The healthy eating & active lifestyles for diabetes trial

ISRCTN ISRCTN14344948
DOI https://doi.org/10.1186/ISRCTN14344948
IRAS number 326064
Secondary identifying numbers CPMS 61759, IRAS 326064, Grant NIHR151372
Submission date
15/04/2024
Registration date
24/05/2024
Last edited
09/04/2025
Recruitment status
Recruiting
Overall study status
Ongoing
Condition category
Nutritional, Metabolic, Endocrine
Prospectively registered
Protocol
Statistical analysis plan
Results
Individual participant data
Record updated in last year

Plain English Summary

Background and study aims
Type 2 diabetes (T2D) is more common, and develops at a younger age, in people of black African and black Caribbean heritage in the UK than in people from white ethnic backgrounds. Diabetes can have serious health consequences e.g. blindness and kidney failure, which affect people’s quality of life and are costly to the healthcare system. One of the most important ways to avoid diabetes complications is to follow a healthy diet and increase physical activity. This study aims to assess a diet and physical activity education and support programme for people of African and Caribbean heritage who have type 2 diabetes to help them manage their condition and avoid diabetes complications. The programme, called ‘Healthy Eating and Active Lifestyles for Diabetes’ (or ‘HEAL-D’), was created with African and Caribbean people with lived diabetes experience to ensure its content is culturally relevant.

Who can participate?
Adults with T2D of black African or black Caribbean heritage.

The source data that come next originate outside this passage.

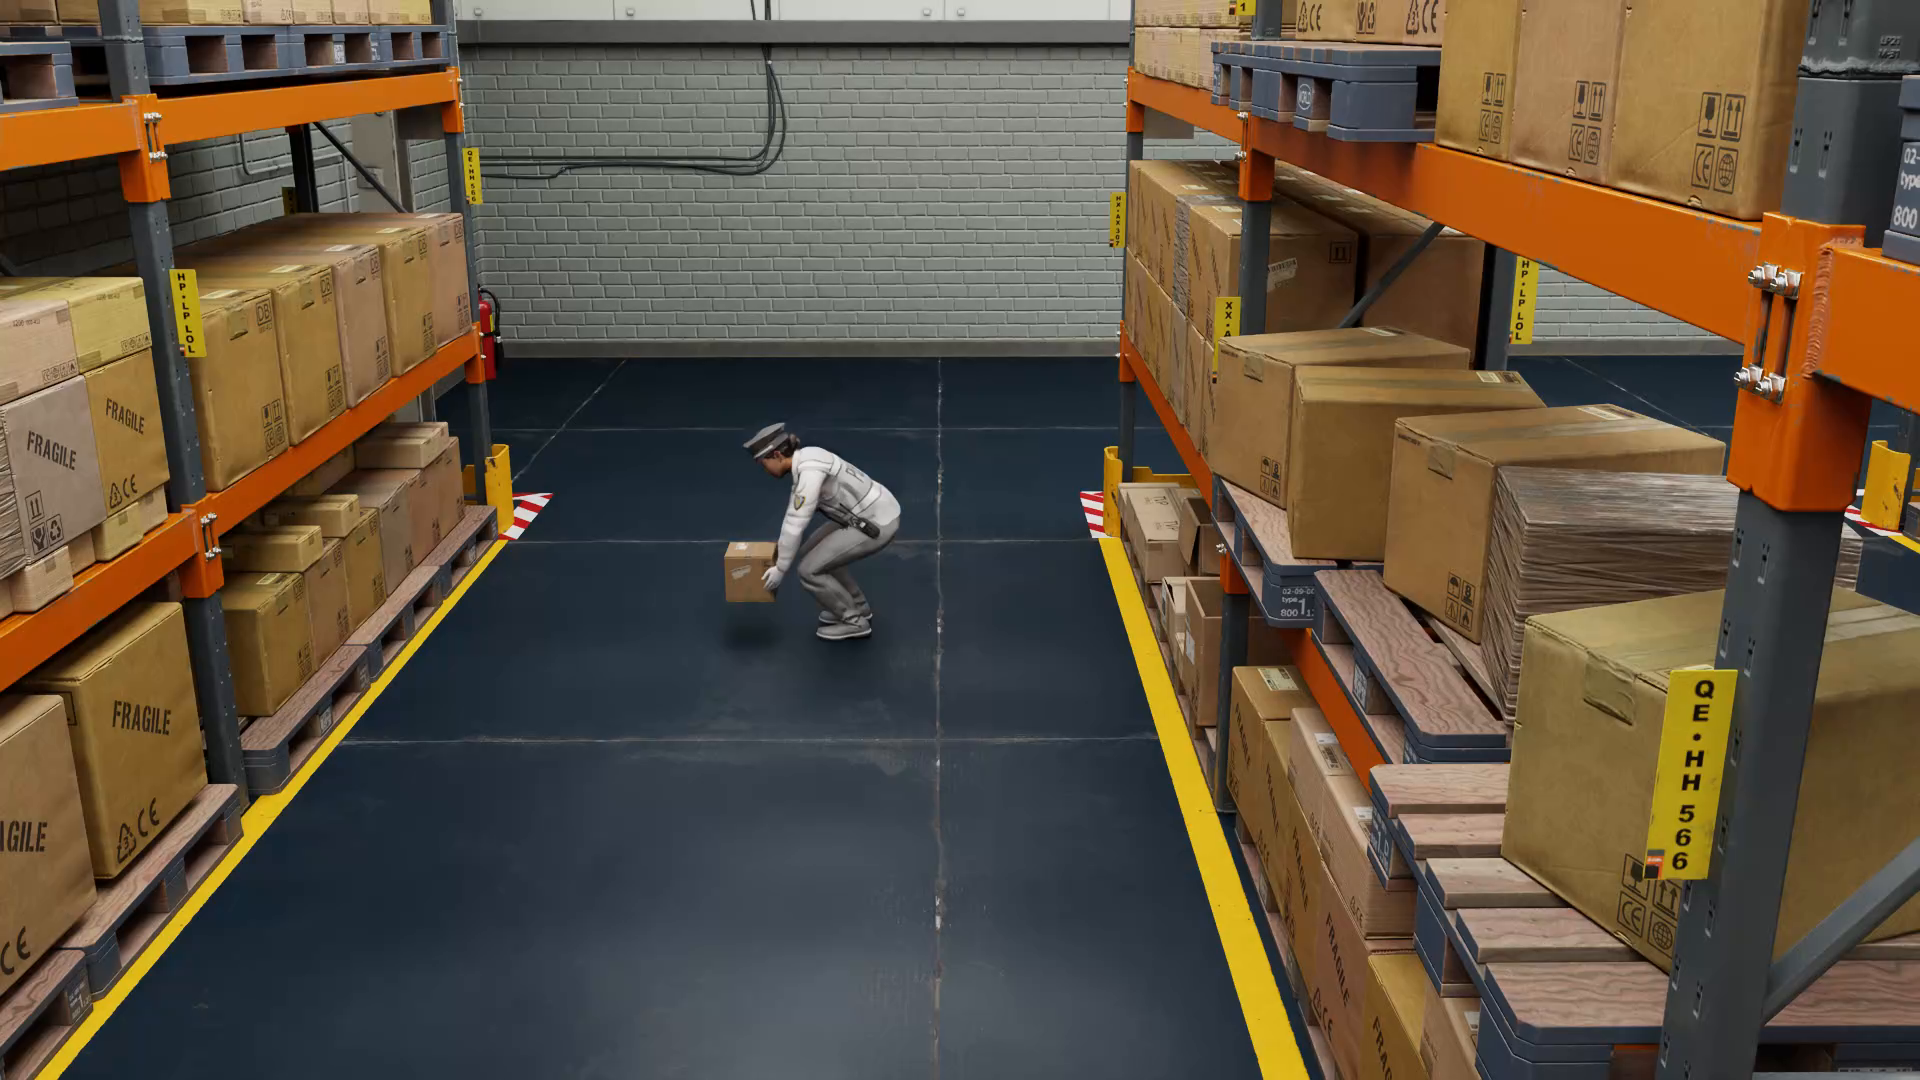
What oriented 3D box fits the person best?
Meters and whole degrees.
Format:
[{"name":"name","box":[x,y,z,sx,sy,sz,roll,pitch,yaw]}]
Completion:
[{"name":"person","box":[-0.708,-0.057,8.624,0.802,1.139,0.516,0,17,-1]}]

What does the study involve?
Adults of black African and black Caribbean heritage with type 2 diabetes will be recruited from primary care, through referral to existing diabetes education services, or via community engagement activities. A short information video will be sent to potential participants to explain the study in more detail. A total of 300 people will be recruited over a 10-month period. Those who are eligible and consent to participation will be randomly assigned to one of two groups:
• The intervention group, who will receive the HEAL-D programme.
• The control group, who will receive the usual diabetes education course that is provided by the NHS in their local area.
Participants will decide if they want to attend their course face-to-face or using online video calling facilities. The HEAL-D programme includes eight sessions, each of 2 hrs duration, delivered over a 6-month period. The time commitment of the diabetes education programmes for the control group varies depending on the programme, but is typically 6-12 hours. All participants will undergo measurement of HbA1c, blood lipids, blood pressure, weight, waist circumference and body composition, alongside a range of questionnaire measures (e.g. quality of life, diabetes knowledge) at baseline, before attending their education programme, and 6, 12 and 24 months later. The measurements will be used to assess the effectiveness and the value for money of the HEAL-D programme against current diabetes education programmes. The study will also investigate which parts of HEAL-D are helpful by interviewing a group of participants and the people who delivered HEAL-D, meaning participants may also be offered to take part in an interview or workshop.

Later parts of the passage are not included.